Though we’re all affected by them in ways we can’t see, right now the majority of the damage is being done to the same groups who are always hurt by flaws in the system—minorities and the poor. These same models could easily be used to help people instead of prey on them, but that won’t happen in the glorious free market of capitalism. We need regulation and oversight in the data industry. We need accountability.
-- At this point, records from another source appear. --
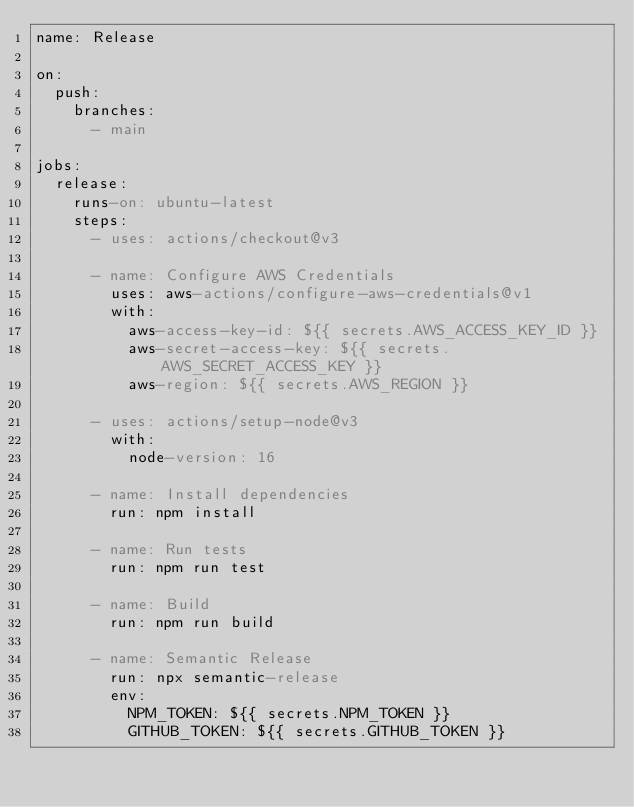<code> <loc_0><loc_0><loc_500><loc_500><_YAML_>name: Release

on:
  push:
    branches:
      - main

jobs:
  release:
    runs-on: ubuntu-latest
    steps:
      - uses: actions/checkout@v3

      - name: Configure AWS Credentials
        uses: aws-actions/configure-aws-credentials@v1
        with:
          aws-access-key-id: ${{ secrets.AWS_ACCESS_KEY_ID }}
          aws-secret-access-key: ${{ secrets.AWS_SECRET_ACCESS_KEY }}
          aws-region: ${{ secrets.AWS_REGION }}

      - uses: actions/setup-node@v3
        with:
          node-version: 16

      - name: Install dependencies
        run: npm install

      - name: Run tests
        run: npm run test

      - name: Build
        run: npm run build

      - name: Semantic Release
        run: npx semantic-release
        env:
          NPM_TOKEN: ${{ secrets.NPM_TOKEN }}
          GITHUB_TOKEN: ${{ secrets.GITHUB_TOKEN }}
</code>

When statistics itself, and the public’s trust in statistics, is being actively undermined by politicians across the globe, how can we possibly expect the Big Data industry to clarify rather than contribute to the noise? We can because we must. Right now, mammoth companies like Google, Amazon, and Facebook exert incredible control over society because they control the data. They reap enormous profits while somehow offloading fact-checking responsibilities to others. It’s not a coincidence that, even as he works to undermine the public’s trust in science and in scientific fact, Steve Bannon sits on the board of Cambridge Analytica, a political data company that has claimed credit for Trump’s victory while bragging about secret “voter suppression” campaigns. It’s part of a more general trend in which data is privately owned and privately used to private ends of profit and influence, while the public is shut out of the process and told to behave well and trust the algorithms. It’s time to start misbehaving. Algorithms are only going to become more ubiquitous in the coming years. We must demand that systems that hold algorithms accountable become ubiquitous as well.

In the United States, we like to boast about freedom while structuring our country so that the powerful can exploit, cheat, and abuse the unpowerful, generally with no consequences. It’d be nice if someday, perhaps led by O’Neil and Coates and others like them, we decide to stop doing that. WMDs are going to be an important place to start.